Copyright © 2021 Electric Power Research Institute, Inc. All Rights Reserved.
Copyright © 2021 Electric Power Research Institute, Inc. All Rights Reserved.

Latest revision as of 16:29, 12 April 2022


User Guide and Technical Documentation for the Distributed Energy Resources Value Estimation Tool (DER-VET™)

DERVET E.PNG

DER-VET provides a free, publicly accessible, open-source platform for calculating, understanding, and optimizing the value of distributed energy resources (DER) based on their technical merits and constraints. An extension of EPRI's StorageVET® tool, DER-VET supports site-specific assessments of energy storage and additional DER technologies—including solar, wind, demand response, electric vehicle charging, internal combustion engines, and combined heat and power—in different configurations, such as microgrids or standalone resources. It uses load and other data to determine optimal size, duration, and other characteristics for maximizing benefits based on site conditions. Customers, developers, utilities, and regulators across the industry can apply this tool to inform project-level or broader decisions based on sound technical understanding and unbiased cost-performance data.

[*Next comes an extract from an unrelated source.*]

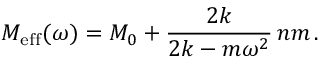<formula> <loc_0><loc_0><loc_500><loc_500>M _ { e f f } ( \omega ) = M _ { 0 } + \frac { 2 k } { 2 k - m \omega ^ { 2 } } \, n m \, .</formula> 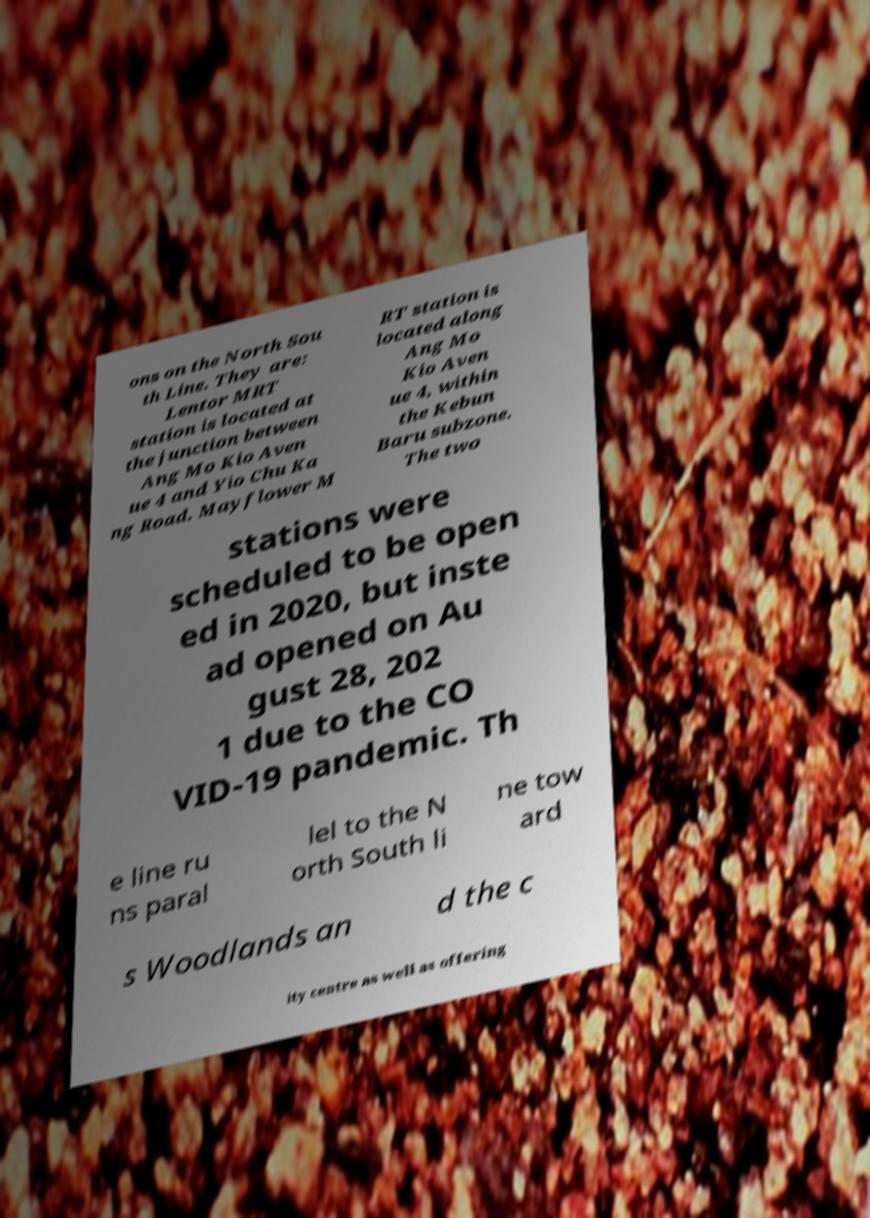Could you assist in decoding the text presented in this image and type it out clearly? ons on the North Sou th Line. They are: Lentor MRT station is located at the junction between Ang Mo Kio Aven ue 4 and Yio Chu Ka ng Road. Mayflower M RT station is located along Ang Mo Kio Aven ue 4, within the Kebun Baru subzone. The two stations were scheduled to be open ed in 2020, but inste ad opened on Au gust 28, 202 1 due to the CO VID-19 pandemic. Th e line ru ns paral lel to the N orth South li ne tow ard s Woodlands an d the c ity centre as well as offering

DER-VET was developed with funding from the California Energy Commission. EPRI plans to support continuing updates and enhancements.

Single Line Diagram

Introduction to DER-VET

DER-VET is an open-source, optimization-based planning tool to aid in the design of distributed energy resource and microgrid deployments to maximize benefit to individual customers, ratepayers, and to society. DER-VET provides a platform to model the operation and subsequent value of a set of DERs (“DER mix”), potentially configured in a microgrid, collectively providing a set of stacked services. DER-VET uses load and other site-specific data to optionally optimize the size of the DERs concurrently with its dispatch optimization. The technologies modeled in DER-VET include various types of energy storage, intermittent renewable generation, fueled generation, controllable loads/electric vehicles, and hybrid resources like combined heat and power (CHP). These energy resources can be used in any combination to improve grid reliability, improve customer resilience by providing backup to local critical loads, decrease the electricity bill incurred by the site, participate in wholesale energy or ancillary services markets, provide demand response or resource adequacy, or some allowable combination of these. DER-VET could be connected with the grid simulation tools (for example OpenDSS™, DRIVE, etc.) to allow for easy transitions between the models.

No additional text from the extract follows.